(INPUT DATA begins)

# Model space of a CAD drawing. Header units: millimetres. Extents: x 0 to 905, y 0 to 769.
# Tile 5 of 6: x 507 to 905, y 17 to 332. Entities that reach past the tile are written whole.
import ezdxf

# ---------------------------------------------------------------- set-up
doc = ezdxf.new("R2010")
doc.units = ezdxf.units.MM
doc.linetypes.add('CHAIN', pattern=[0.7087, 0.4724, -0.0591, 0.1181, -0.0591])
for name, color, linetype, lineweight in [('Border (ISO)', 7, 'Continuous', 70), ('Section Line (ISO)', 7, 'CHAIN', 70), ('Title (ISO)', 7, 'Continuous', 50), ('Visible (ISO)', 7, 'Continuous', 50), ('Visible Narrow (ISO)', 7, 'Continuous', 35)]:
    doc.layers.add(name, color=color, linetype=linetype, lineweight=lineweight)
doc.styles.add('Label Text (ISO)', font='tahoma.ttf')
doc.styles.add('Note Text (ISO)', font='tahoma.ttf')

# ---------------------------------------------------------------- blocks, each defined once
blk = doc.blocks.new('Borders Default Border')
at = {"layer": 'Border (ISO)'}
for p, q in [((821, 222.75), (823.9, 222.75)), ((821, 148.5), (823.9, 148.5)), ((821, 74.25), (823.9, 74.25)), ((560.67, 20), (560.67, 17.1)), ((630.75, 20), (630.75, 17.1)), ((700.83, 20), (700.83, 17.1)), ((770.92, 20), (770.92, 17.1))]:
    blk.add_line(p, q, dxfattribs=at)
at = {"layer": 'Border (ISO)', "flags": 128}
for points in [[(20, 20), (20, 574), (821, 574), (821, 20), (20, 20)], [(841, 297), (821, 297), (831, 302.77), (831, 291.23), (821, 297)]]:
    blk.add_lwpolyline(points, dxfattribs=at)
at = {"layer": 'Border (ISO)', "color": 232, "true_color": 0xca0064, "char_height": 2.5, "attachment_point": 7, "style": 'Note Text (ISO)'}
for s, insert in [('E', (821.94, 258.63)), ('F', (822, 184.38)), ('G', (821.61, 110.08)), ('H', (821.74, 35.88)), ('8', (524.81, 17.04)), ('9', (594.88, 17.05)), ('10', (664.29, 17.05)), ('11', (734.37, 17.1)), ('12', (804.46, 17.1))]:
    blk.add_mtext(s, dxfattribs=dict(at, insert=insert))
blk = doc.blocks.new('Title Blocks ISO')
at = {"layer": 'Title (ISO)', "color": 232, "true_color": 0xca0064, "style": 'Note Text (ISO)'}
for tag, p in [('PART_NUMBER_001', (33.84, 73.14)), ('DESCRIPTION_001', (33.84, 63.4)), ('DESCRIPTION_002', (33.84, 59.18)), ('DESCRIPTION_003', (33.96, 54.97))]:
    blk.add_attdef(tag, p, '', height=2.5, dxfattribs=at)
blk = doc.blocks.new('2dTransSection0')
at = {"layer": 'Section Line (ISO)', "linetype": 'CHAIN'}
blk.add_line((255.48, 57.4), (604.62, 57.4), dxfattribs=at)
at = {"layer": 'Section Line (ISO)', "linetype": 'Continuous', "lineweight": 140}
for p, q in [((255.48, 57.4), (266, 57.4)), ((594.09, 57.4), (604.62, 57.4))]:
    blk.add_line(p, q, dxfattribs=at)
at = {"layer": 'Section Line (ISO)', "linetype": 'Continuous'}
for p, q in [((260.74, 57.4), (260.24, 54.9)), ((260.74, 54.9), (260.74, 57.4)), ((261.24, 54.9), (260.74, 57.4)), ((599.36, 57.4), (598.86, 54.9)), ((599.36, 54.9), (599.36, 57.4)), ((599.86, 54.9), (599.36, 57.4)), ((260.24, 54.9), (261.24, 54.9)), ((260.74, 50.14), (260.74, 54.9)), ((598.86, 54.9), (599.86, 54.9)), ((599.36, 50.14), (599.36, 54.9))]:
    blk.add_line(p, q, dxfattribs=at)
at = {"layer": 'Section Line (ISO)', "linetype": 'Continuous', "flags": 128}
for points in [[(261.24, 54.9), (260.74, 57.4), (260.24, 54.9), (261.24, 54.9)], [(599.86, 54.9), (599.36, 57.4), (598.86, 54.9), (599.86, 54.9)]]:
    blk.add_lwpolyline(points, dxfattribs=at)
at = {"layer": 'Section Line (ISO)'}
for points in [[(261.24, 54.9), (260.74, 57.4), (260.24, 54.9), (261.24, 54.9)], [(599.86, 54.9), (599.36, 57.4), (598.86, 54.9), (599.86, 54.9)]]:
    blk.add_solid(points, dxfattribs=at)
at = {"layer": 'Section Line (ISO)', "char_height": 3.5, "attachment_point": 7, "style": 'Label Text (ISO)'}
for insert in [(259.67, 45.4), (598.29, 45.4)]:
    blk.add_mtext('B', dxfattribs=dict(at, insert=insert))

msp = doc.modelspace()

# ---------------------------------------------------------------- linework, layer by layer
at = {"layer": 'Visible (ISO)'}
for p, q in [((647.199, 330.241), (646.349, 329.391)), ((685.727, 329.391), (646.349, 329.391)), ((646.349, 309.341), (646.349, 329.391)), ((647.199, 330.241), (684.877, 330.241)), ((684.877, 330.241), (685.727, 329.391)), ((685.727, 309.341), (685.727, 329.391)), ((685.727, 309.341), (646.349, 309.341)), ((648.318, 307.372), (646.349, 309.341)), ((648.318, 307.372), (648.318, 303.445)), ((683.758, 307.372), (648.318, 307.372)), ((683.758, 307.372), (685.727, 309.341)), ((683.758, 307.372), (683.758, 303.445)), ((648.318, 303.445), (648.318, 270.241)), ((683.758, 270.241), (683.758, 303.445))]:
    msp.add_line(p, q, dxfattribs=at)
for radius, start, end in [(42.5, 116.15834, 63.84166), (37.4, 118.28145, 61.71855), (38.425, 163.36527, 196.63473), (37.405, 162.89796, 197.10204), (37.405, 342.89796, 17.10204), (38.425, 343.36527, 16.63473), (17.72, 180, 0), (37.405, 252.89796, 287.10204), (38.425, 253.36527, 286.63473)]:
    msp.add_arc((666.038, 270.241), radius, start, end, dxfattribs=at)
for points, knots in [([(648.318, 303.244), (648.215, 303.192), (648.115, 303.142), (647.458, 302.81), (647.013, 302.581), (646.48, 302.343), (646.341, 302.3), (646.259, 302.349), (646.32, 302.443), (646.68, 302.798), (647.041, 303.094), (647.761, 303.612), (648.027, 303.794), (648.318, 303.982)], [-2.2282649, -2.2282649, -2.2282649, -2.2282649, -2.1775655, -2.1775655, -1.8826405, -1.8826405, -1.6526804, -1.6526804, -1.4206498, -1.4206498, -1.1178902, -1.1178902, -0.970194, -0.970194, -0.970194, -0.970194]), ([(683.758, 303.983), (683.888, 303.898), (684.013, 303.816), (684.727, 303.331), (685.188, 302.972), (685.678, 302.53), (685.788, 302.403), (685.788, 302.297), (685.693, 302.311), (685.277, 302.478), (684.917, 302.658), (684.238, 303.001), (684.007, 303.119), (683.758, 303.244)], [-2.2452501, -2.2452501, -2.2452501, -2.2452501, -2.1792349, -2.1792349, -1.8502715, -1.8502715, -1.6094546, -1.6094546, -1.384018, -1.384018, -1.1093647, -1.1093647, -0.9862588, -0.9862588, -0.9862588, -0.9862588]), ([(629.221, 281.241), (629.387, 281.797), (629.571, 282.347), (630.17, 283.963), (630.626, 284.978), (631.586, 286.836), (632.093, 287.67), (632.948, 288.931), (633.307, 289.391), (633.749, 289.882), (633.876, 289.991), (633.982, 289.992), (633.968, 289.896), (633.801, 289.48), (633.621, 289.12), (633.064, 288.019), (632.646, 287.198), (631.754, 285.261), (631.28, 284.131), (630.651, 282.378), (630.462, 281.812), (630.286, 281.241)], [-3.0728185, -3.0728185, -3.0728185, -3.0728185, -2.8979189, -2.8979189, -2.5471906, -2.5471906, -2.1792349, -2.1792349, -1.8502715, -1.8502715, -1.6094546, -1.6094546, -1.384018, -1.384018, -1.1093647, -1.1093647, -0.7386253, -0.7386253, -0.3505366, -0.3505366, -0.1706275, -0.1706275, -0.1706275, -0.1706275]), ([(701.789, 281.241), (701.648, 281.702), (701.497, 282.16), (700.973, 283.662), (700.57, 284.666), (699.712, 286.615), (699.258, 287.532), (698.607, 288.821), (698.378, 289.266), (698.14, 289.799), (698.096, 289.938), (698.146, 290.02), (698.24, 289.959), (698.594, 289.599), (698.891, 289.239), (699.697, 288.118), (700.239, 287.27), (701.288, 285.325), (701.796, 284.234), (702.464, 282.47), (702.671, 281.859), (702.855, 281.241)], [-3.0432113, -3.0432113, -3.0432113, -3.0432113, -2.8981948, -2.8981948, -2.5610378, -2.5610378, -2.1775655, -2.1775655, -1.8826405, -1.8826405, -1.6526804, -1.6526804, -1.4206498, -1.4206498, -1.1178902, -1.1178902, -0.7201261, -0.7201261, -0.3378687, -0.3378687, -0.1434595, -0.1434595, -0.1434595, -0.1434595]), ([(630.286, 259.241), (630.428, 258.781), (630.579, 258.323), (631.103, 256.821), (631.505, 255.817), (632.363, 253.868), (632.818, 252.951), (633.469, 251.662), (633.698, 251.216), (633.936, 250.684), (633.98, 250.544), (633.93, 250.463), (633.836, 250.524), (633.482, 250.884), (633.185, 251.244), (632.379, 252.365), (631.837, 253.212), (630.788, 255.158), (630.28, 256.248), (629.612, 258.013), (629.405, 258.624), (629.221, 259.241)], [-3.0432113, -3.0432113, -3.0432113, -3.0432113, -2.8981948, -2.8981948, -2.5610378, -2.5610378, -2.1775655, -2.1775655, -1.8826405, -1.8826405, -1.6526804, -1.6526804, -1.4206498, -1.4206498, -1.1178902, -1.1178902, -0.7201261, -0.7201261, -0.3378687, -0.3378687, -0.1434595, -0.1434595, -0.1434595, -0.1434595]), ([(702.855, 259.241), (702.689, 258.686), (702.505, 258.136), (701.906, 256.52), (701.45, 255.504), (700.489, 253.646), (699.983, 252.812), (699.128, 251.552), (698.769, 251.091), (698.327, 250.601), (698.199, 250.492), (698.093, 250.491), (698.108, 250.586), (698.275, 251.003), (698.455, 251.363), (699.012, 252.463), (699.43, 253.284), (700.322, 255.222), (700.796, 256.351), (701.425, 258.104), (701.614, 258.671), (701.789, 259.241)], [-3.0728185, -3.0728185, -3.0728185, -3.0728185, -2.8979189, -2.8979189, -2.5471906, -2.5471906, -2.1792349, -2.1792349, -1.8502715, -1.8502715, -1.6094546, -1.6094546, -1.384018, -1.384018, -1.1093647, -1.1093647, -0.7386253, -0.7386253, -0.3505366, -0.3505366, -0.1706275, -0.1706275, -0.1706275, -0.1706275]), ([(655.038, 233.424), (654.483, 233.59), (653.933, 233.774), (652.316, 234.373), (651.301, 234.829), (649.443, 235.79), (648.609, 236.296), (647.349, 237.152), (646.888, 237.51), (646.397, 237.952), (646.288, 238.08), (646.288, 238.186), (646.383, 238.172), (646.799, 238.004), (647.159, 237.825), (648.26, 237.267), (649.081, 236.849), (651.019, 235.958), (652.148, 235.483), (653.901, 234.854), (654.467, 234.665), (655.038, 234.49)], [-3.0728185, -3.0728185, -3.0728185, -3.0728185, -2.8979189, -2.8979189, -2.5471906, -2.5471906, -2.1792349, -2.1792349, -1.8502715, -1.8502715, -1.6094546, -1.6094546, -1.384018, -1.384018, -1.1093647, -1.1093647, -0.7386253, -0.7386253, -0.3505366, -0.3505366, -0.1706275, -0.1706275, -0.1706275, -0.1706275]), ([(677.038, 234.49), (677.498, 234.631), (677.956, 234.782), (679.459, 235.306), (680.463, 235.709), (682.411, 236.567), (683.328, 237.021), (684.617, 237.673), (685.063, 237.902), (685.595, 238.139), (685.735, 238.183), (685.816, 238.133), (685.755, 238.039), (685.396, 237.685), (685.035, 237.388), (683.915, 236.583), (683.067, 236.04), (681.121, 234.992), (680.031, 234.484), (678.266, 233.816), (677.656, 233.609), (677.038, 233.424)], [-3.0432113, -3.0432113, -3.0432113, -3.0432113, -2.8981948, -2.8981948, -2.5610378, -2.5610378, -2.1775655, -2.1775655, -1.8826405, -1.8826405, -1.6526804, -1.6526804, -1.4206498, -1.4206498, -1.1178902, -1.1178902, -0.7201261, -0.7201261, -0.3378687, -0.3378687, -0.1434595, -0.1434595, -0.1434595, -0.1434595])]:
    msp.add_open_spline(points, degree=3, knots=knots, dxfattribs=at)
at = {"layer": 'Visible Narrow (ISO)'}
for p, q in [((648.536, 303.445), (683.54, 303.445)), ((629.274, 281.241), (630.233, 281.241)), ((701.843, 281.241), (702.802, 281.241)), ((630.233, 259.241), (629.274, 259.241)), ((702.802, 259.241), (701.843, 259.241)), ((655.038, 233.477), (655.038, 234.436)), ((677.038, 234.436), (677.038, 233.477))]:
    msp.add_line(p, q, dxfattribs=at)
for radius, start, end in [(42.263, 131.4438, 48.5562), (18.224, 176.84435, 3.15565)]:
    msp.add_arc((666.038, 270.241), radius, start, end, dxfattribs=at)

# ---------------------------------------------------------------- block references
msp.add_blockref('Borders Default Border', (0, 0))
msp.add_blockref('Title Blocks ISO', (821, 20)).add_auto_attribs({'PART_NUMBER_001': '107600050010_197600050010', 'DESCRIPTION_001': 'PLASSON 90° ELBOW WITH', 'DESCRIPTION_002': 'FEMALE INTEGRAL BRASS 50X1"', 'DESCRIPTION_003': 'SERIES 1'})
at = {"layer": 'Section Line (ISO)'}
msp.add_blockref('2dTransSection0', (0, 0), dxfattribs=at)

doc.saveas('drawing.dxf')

(INPUT DATA ends)

#### WORK TO COMPLETE:
Scan the records for the word "ezdxf". Copy each line where it turns up.

#### TASK RESULT:
import ezdxf
doc = ezdxf.new("R2010")
doc.units = ezdxf.units.MM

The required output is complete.